:: TO DO ::
In the listing below, find the line that contains "35) parking meter (1830,442,1865,609)" and the line that contains "50) parking meter (127,477,142,531)". Quote both and every line between them, exactly, and nothing more.

───── THE DATA ─────

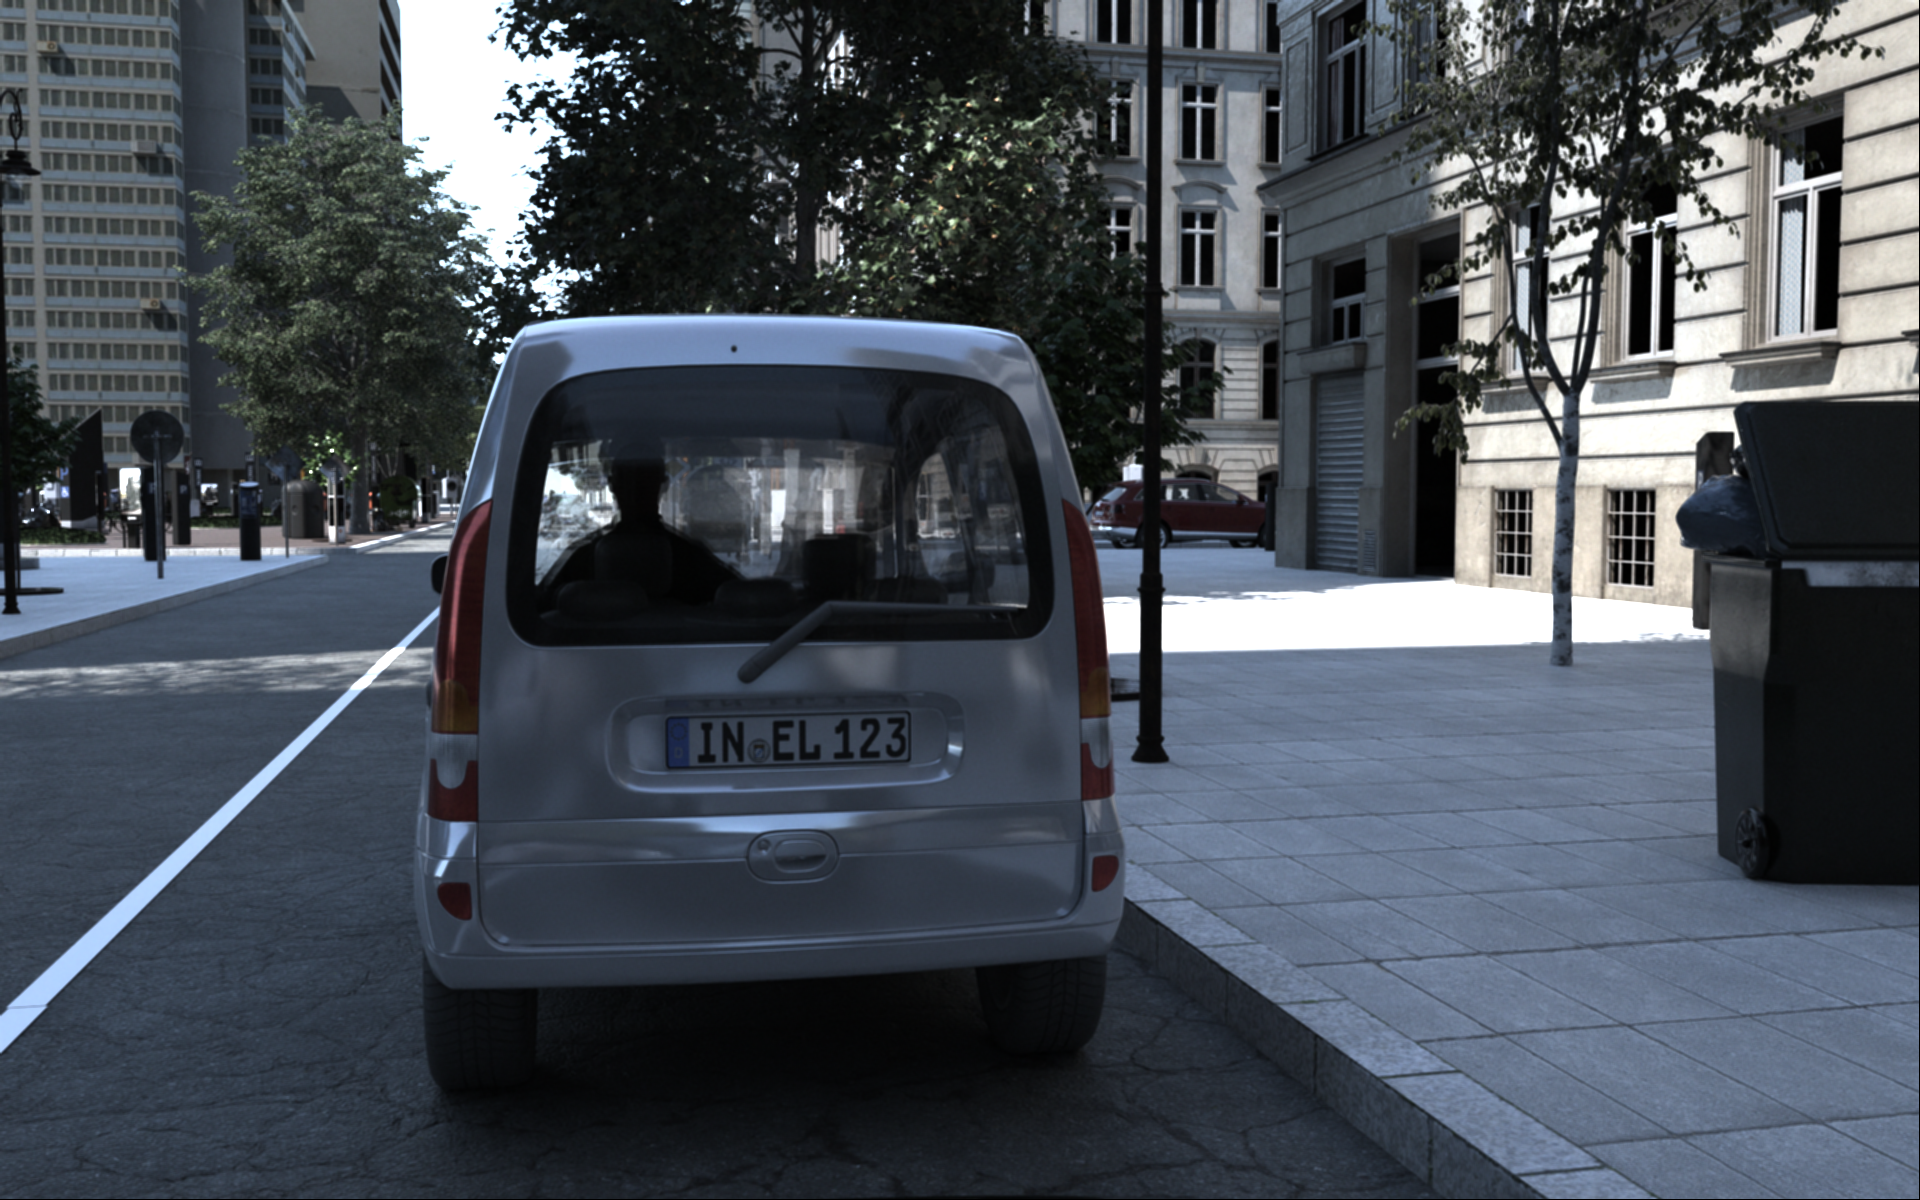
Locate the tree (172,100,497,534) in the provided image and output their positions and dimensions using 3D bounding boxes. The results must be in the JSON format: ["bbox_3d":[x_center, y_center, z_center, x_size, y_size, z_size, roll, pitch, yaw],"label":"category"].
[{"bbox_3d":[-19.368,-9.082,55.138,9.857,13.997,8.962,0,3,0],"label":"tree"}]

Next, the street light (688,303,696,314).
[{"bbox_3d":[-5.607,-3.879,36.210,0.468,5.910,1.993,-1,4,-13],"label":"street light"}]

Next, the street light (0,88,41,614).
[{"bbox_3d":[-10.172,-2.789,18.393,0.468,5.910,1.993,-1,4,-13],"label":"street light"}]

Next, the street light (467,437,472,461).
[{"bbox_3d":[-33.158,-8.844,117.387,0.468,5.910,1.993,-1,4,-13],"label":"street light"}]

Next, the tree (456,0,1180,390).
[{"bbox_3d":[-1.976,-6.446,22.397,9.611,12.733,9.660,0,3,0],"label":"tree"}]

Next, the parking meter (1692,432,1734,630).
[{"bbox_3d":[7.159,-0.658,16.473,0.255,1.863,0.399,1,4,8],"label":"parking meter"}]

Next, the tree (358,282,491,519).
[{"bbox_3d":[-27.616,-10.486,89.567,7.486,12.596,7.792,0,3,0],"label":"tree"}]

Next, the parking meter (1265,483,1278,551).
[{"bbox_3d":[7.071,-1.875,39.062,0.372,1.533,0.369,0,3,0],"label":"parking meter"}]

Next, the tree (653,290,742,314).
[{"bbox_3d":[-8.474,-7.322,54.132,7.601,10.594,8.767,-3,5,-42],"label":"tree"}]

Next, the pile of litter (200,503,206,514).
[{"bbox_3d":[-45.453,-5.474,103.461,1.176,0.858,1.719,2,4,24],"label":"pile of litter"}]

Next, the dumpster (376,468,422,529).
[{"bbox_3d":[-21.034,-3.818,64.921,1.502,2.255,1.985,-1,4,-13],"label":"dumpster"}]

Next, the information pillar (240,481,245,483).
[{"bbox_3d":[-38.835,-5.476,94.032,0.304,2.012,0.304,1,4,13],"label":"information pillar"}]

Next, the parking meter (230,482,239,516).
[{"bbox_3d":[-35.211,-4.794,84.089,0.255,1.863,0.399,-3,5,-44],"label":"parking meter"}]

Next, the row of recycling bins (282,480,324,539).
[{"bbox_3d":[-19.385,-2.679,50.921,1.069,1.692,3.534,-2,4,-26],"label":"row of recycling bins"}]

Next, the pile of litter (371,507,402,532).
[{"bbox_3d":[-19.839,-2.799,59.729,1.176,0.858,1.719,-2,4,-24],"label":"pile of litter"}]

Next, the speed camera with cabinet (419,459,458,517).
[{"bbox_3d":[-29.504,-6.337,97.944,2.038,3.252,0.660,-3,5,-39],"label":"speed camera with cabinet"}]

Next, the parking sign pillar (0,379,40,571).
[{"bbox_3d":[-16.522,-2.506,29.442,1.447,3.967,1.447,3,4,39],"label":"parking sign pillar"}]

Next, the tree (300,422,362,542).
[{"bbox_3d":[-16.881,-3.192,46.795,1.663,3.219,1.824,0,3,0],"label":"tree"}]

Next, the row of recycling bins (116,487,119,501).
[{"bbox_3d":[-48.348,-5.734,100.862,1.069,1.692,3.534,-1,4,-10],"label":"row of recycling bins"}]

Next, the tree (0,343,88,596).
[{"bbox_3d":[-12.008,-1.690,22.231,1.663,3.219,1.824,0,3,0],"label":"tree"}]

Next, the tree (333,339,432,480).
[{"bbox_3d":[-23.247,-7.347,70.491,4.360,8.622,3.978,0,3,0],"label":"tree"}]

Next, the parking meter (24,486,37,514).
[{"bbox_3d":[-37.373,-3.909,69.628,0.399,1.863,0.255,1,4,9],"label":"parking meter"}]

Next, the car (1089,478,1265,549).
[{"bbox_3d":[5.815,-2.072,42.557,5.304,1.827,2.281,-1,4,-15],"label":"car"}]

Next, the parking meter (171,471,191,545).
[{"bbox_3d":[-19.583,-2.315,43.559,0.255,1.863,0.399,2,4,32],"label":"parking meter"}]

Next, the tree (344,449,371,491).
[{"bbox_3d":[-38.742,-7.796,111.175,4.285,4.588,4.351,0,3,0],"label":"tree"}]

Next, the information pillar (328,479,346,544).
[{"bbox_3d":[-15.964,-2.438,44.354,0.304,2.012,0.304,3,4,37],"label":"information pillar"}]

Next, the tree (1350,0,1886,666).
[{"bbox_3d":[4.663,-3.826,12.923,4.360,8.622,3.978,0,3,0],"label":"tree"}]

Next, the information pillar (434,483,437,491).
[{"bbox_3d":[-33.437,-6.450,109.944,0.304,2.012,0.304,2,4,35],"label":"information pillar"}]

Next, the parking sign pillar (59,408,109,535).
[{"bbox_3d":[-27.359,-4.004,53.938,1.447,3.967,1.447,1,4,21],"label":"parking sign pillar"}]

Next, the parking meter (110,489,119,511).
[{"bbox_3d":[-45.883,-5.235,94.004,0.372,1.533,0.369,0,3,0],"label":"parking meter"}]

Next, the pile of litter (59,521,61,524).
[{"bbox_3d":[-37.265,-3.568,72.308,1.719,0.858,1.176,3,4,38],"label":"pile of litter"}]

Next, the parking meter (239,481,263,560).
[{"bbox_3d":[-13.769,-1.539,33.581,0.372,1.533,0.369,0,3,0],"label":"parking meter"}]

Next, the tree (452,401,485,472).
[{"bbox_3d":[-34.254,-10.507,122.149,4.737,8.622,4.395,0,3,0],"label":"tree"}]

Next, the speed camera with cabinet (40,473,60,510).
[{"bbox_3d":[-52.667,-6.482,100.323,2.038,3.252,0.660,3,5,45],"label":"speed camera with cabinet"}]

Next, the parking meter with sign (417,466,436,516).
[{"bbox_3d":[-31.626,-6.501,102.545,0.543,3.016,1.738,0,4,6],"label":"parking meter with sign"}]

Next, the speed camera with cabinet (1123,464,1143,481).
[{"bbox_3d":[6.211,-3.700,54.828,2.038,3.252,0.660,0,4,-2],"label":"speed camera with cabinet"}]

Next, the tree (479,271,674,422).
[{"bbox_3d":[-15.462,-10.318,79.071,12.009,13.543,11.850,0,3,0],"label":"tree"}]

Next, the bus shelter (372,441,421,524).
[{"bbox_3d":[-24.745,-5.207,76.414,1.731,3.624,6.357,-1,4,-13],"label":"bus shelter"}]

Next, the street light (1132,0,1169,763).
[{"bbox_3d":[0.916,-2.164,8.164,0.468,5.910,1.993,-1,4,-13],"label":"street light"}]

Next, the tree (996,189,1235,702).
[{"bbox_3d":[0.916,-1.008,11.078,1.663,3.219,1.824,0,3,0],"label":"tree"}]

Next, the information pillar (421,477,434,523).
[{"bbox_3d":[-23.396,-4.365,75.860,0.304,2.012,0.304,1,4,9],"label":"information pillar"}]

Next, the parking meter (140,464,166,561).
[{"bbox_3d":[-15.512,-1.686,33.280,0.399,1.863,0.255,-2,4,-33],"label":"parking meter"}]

─────
───── THE DATA ─────

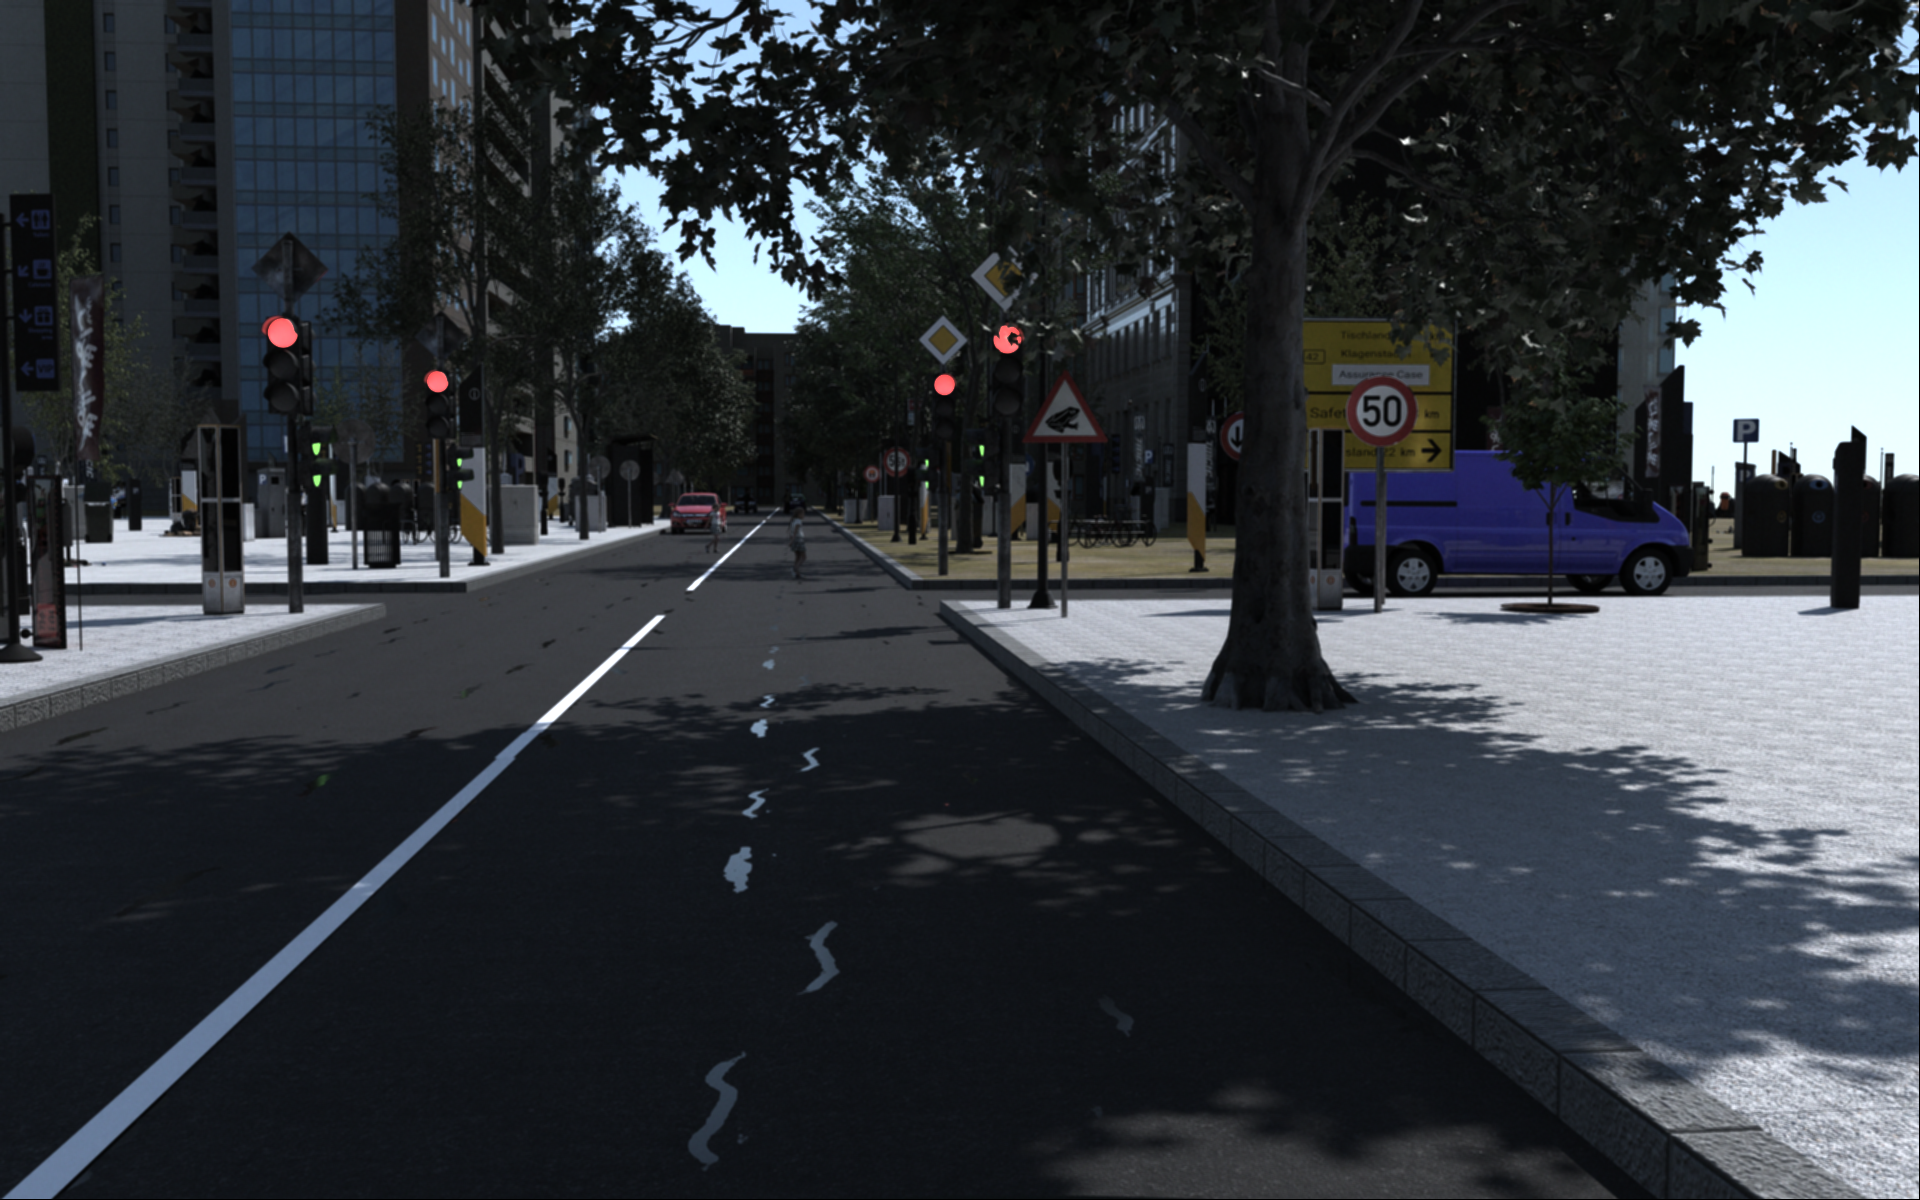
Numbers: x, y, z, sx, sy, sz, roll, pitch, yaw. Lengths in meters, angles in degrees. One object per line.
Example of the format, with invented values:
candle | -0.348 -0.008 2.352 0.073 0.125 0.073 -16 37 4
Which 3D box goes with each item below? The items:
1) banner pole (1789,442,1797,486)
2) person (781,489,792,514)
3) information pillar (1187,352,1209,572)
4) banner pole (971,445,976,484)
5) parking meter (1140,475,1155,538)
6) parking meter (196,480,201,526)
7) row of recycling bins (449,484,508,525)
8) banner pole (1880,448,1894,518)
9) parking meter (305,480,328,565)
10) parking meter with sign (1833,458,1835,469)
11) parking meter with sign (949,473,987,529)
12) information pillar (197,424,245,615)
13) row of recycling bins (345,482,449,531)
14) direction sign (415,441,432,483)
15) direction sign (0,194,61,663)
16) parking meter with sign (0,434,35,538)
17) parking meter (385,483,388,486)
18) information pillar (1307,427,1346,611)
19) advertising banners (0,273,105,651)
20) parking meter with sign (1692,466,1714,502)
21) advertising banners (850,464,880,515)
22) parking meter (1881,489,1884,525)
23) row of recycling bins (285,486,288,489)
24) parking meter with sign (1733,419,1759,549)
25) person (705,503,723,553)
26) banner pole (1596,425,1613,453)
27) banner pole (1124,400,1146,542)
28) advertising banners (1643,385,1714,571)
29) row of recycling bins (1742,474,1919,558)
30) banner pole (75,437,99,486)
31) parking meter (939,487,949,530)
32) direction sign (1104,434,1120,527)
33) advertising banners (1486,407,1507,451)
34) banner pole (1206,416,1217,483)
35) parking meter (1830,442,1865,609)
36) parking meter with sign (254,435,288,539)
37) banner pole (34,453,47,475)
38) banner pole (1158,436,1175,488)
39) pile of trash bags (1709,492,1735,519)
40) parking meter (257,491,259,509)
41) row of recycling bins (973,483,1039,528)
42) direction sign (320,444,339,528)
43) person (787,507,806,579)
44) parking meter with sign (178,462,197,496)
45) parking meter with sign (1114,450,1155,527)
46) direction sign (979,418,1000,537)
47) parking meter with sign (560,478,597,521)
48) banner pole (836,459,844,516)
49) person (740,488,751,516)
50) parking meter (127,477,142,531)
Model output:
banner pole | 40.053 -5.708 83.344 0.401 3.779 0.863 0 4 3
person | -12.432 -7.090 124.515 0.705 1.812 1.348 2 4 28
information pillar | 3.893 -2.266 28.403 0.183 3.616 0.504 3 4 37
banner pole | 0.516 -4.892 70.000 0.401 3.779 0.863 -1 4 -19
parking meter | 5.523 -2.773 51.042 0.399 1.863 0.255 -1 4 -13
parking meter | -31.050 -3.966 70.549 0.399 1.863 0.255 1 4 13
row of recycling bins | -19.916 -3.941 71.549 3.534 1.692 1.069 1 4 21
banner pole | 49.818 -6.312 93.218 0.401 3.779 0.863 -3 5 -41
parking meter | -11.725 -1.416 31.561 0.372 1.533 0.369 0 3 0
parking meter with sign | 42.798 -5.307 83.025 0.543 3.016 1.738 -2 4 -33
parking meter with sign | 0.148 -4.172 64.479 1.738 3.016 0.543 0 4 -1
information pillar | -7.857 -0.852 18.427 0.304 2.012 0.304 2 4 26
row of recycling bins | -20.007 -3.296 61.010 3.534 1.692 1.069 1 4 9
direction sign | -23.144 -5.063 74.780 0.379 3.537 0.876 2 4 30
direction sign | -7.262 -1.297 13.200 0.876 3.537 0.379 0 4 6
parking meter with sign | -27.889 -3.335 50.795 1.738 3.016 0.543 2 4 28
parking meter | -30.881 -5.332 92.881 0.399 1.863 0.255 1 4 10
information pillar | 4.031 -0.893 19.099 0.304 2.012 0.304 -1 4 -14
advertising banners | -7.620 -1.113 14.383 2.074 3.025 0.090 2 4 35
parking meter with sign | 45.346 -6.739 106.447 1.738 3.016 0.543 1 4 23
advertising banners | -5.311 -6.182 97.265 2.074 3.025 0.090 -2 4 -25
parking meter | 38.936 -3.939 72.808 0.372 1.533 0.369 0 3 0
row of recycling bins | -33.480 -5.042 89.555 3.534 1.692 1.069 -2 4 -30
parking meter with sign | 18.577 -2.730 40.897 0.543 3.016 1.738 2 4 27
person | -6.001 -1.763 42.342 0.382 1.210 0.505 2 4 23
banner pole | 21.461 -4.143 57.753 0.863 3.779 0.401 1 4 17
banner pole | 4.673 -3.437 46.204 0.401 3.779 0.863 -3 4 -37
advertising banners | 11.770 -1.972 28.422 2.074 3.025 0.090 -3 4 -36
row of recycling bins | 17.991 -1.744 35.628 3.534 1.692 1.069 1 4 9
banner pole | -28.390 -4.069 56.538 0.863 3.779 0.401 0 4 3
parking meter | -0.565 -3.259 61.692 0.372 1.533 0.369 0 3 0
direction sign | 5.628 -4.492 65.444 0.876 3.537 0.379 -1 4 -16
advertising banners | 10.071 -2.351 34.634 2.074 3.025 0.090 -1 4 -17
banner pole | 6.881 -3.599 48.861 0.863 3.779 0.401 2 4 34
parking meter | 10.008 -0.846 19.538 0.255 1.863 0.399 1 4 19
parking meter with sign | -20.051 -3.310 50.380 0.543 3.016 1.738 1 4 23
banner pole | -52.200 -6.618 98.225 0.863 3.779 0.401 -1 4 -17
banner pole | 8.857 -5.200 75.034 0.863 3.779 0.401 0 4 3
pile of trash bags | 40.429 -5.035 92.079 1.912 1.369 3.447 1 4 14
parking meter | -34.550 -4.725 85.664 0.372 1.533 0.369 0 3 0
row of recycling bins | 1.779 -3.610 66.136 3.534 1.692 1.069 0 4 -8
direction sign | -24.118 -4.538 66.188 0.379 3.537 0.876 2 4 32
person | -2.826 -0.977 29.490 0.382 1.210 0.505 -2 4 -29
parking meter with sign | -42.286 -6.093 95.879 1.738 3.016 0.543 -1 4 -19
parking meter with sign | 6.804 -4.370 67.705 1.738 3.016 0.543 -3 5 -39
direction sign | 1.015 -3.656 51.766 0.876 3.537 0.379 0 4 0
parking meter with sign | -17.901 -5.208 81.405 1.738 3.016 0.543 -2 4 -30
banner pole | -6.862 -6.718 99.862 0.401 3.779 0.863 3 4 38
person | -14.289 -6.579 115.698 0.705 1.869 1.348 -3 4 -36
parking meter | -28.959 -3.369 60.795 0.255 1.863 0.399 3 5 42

─────

:: ANSWER TO THIS TASK ::
35) parking meter (1830,442,1865,609)
36) parking meter with sign (254,435,288,539)
37) banner pole (34,453,47,475)
38) banner pole (1158,436,1175,488)
39) pile of trash bags (1709,492,1735,519)
40) parking meter (257,491,259,509)
41) row of recycling bins (973,483,1039,528)
42) direction sign (320,444,339,528)
43) person (787,507,806,579)
44) parking meter with sign (178,462,197,496)
45) parking meter with sign (1114,450,1155,527)
46) direction sign (979,418,1000,537)
47) parking meter with sign (560,478,597,521)
48) banner pole (836,459,844,516)
49) person (740,488,751,516)
50) parking meter (127,477,142,531)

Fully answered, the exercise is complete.